Question

How many grams of sodium phosphate monobasic would we add to a liter and how many grams of sodium phosphate dibasic would we add to a liter to make a 0.1 m phosphate buffer at ph 6.86?

Answer 1

The correct answer for Mass of Na₂HPO₄ = 4.457 g and mass of NaH₂PO₄ = 8.23 g

Given : pH = 6.86

Total concentration of Phosphate buffer = 0.1 M

Asked : Mass of Sodium phosphate monobasic (NaH₂PO₄) = ?

Mass of Sodium phosphate dibasic(Na₂HPO₄)= ?

Following steps can be done to find the masses of NaH₂PO₄ and Na₂HPO₄ :

(In phosphate buffer , Na+ ion from NaH₂PO₄ and Na₂HPO₄ acts as spectator ion , so only H₂PO₄⁻ and HPO₄²⁻ will be considered )

Step 1 : To find pka

H₂PO₄⁻ <=> HPO₄²⁻

The above reaction has pka = 7.2 ( from image shown )

Step 2 : Plug values in Hasselbalch- Henderson equation .

Hasselbalch -Henderson equation is to find pH for buffer solution which is as follows :

`pH = pka + log([A^-])/([HA])`

pH = 6.86 pKa = 7.2

`6.86 = 7.2 + log ([HPO_4^2^-])/([H_2PO_4^-])`

Subtracting both side by 7.2

`6.86-7.2 = 7.2 -7.2+ log ([HPO_4^2^-])/([H_2PO_4^-])`

`-0.34 =  log ([HPO_4^2^-])/([H_2PO_4^-])`

Removing log

`10^-^0^.^3^4 =   ([HPO_4^2^-])/([H_2PO_4^-])`

`([HPO_4^2^-])/([ H_2PO_4^-]) = 0.457` ---------------- equation (1)

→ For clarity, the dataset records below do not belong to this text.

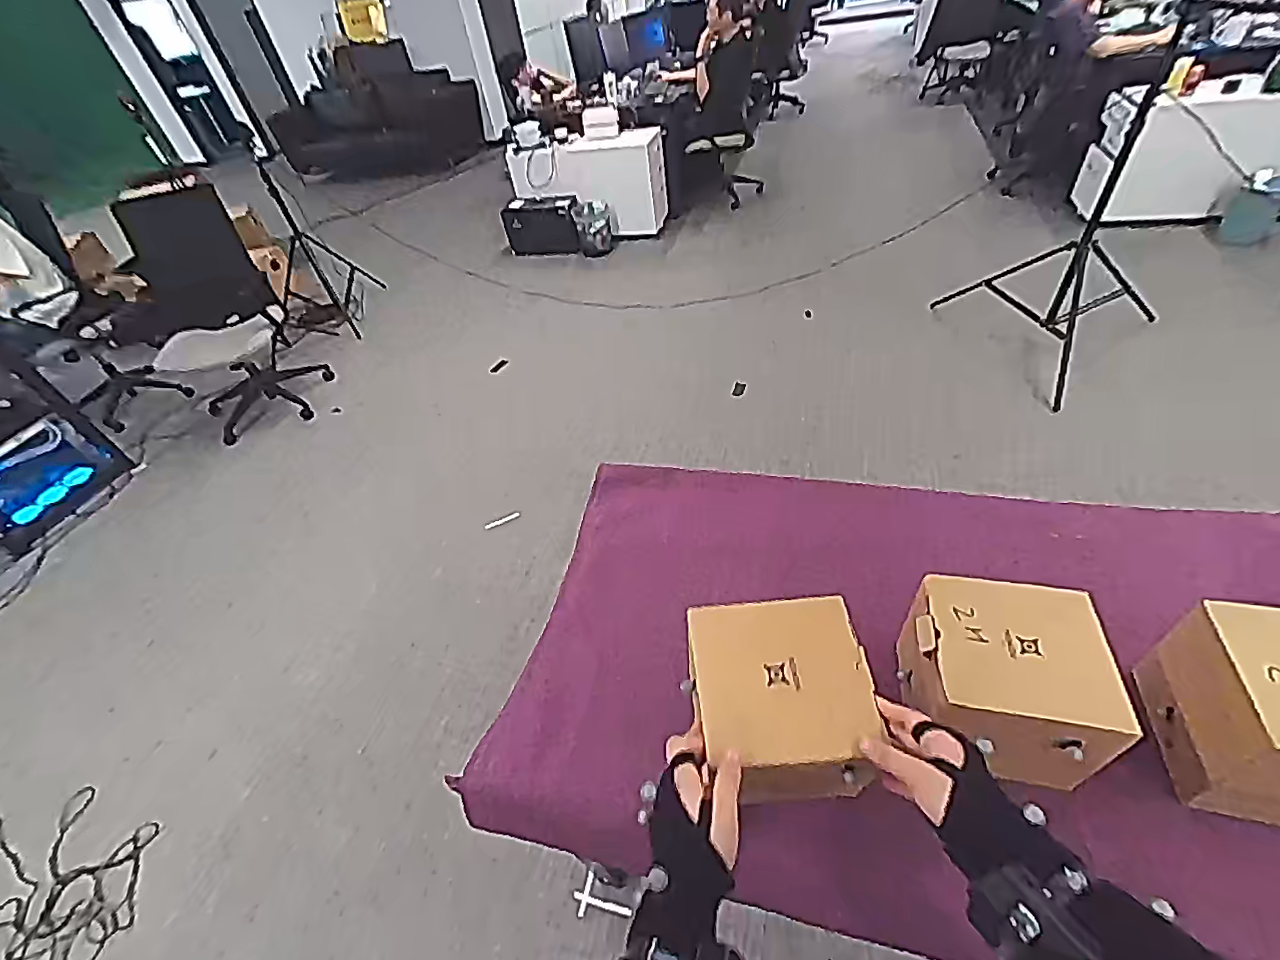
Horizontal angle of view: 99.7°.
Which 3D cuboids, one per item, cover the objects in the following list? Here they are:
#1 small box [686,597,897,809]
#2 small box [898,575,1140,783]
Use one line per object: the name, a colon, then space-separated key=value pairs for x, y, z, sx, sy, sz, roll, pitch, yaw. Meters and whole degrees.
small box: x=0.150 y=0.251 z=0.600 sx=0.179 sy=0.176 sz=0.168 roll=-7 pitch=49 yaw=0
small box: x=0.425 y=0.238 z=0.646 sx=0.179 sy=0.176 sz=0.168 roll=4 pitch=45 yaw=15
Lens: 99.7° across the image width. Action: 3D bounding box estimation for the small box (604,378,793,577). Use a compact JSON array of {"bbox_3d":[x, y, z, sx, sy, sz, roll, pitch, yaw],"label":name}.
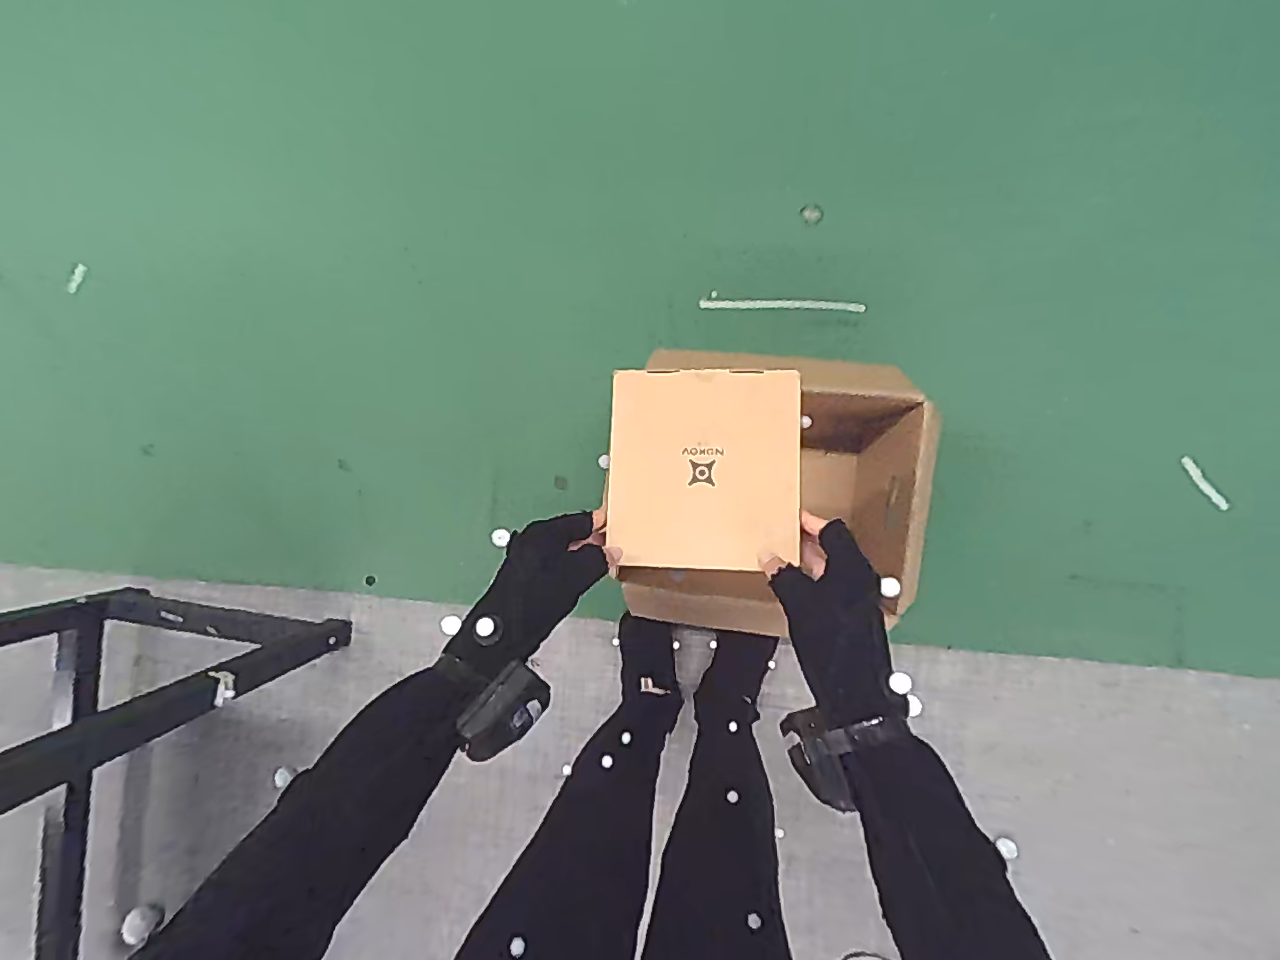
[{"bbox_3d":[0.062,0.005,0.556,0.168,0.176,0.179,1,82,7],"label":"small box"}]
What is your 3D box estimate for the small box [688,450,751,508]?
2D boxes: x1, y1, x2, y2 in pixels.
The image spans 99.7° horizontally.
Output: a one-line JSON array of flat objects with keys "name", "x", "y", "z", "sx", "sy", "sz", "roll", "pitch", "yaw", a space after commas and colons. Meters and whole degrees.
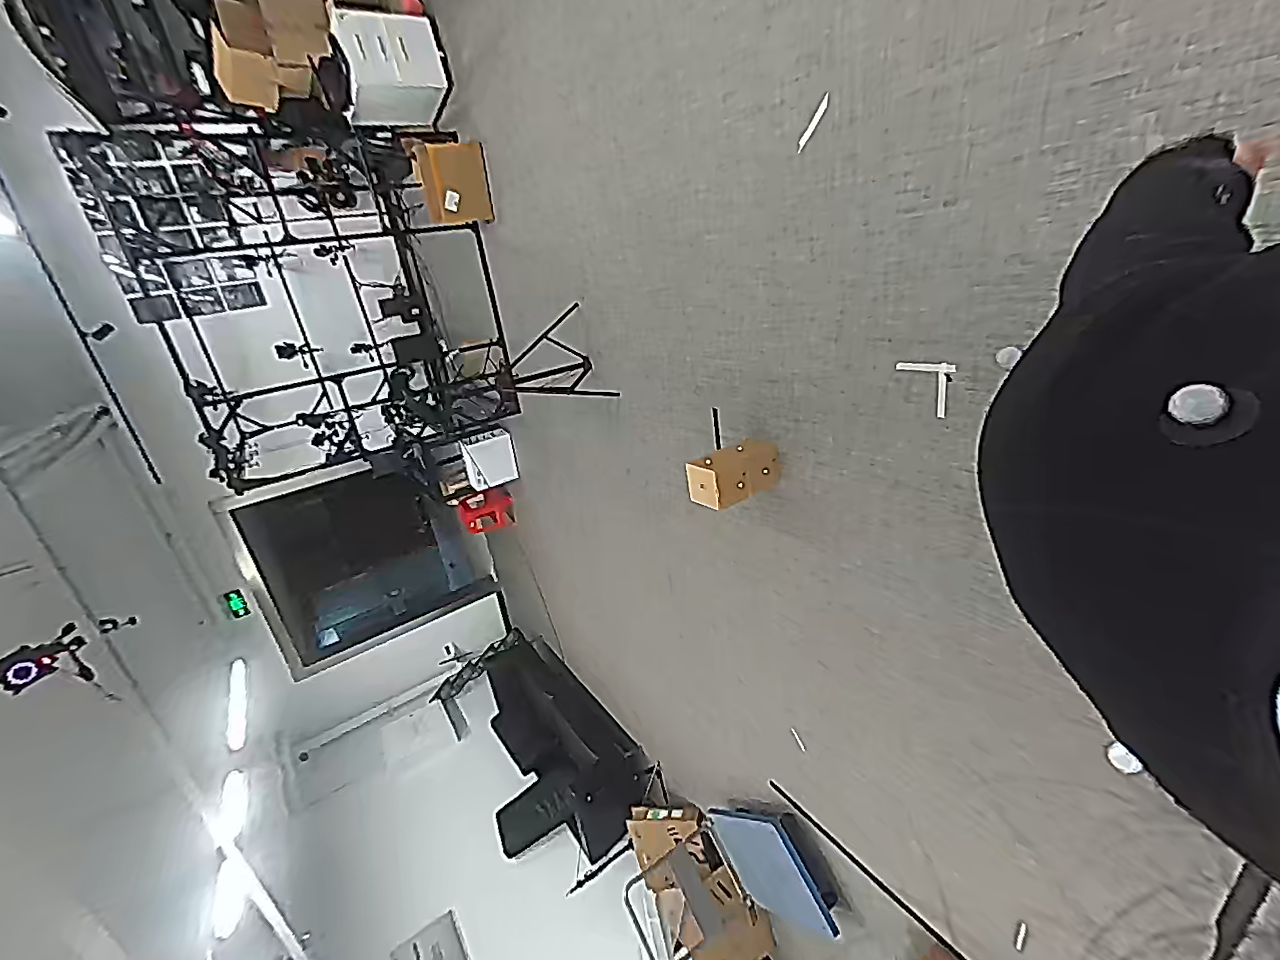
[{"name": "small box", "x": 0.312, "y": -0.011, "z": 2.122, "sx": 0.179, "sy": 0.176, "sz": 0.168, "roll": 20, "pitch": 126, "yaw": 53}]

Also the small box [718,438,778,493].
[{"name": "small box", "x": 0.446, "y": -0.064, "z": 2.198, "sx": 0.179, "sy": 0.176, "sz": 0.168, "roll": 20, "pitch": 125, "yaw": 55}]
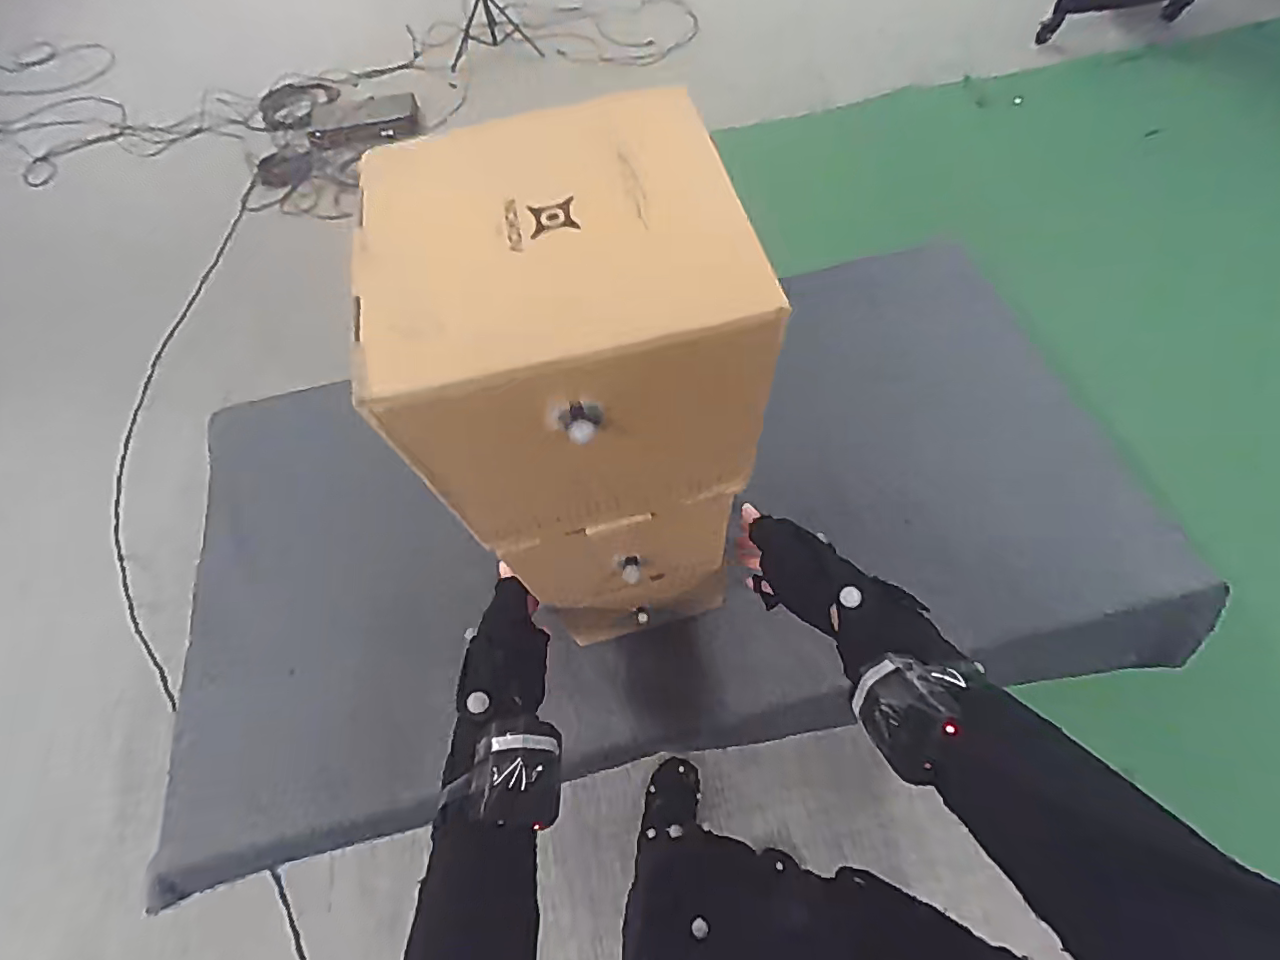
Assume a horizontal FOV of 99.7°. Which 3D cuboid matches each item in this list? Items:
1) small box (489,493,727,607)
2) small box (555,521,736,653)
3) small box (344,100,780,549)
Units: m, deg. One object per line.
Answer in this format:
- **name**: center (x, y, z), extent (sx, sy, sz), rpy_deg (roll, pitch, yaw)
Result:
- **small box**: center (-0.033, -0.002, 0.461), extent (0.168, 0.176, 0.179), rpy_deg (-15, 63, -3)
- **small box**: center (-0.012, 0.076, 0.603), extent (0.179, 0.176, 0.168), rpy_deg (-18, 63, -6)
- **small box**: center (-0.039, -0.074, 0.314), extent (0.179, 0.176, 0.168), rpy_deg (-13, 63, -3)

Step 3 : To find molarity of H₂PO₄⁻ and HPO₄²⁻

Total concentration of buffer = [H₂PO₄⁻] + [HPO₄²⁻] = 0.1 M

Hence, [H₂PO₄⁻ ] + [ HPO₄²⁻ ] = 0.1 M

Assume [H₂PO₄⁻ ] = x

So , [x ] + [ HPO₄²⁻ ] = 0.1 M

[ HPO₄²⁻ ] = 0.1 - x

Step 4 : Plugging value of [H₂PO₄⁻ ] and [ HPO₄²⁻ ]

[H₂PO₄⁻ ] = x

[ HPO₄²⁻ ] = 0.1 - x

Equation (1) = >
`([HPO_4^2^-])/([ H_2PO_4^-]) = 0.457`

Plug value of [H₂PO₄⁻ ] and [ HPO₄²⁻ ] ( from step 3 ) into equation (1) as :

`([0.1 - x ])/([ x]) = 0.457`

Cross multiplying

`0.1 - x  = 0.457 x`

Adding x on both side

`0.1 -x + x = 0.457 x + x`

`0.1  = 1.457 x`

Dividing both side by 1.457

`(0.1)/(1.457) = (1.457 x )/(1.457)`

x = 0.0686 M

Hence , [H₂PO₄⁻ ] = x = 0.0686 M

[ HPO₄²⁻ ] = 0.1 - x

[ HPO₄²⁻ ] = 0.1 - 0.0686

[ HPO₄²⁻ ] = 0.0314 M

Step 5 : To find moles of H₂PO₄⁻ ( NaH₂PO₄) and HPO₄²⁻ (Na₂HPO₄ ) .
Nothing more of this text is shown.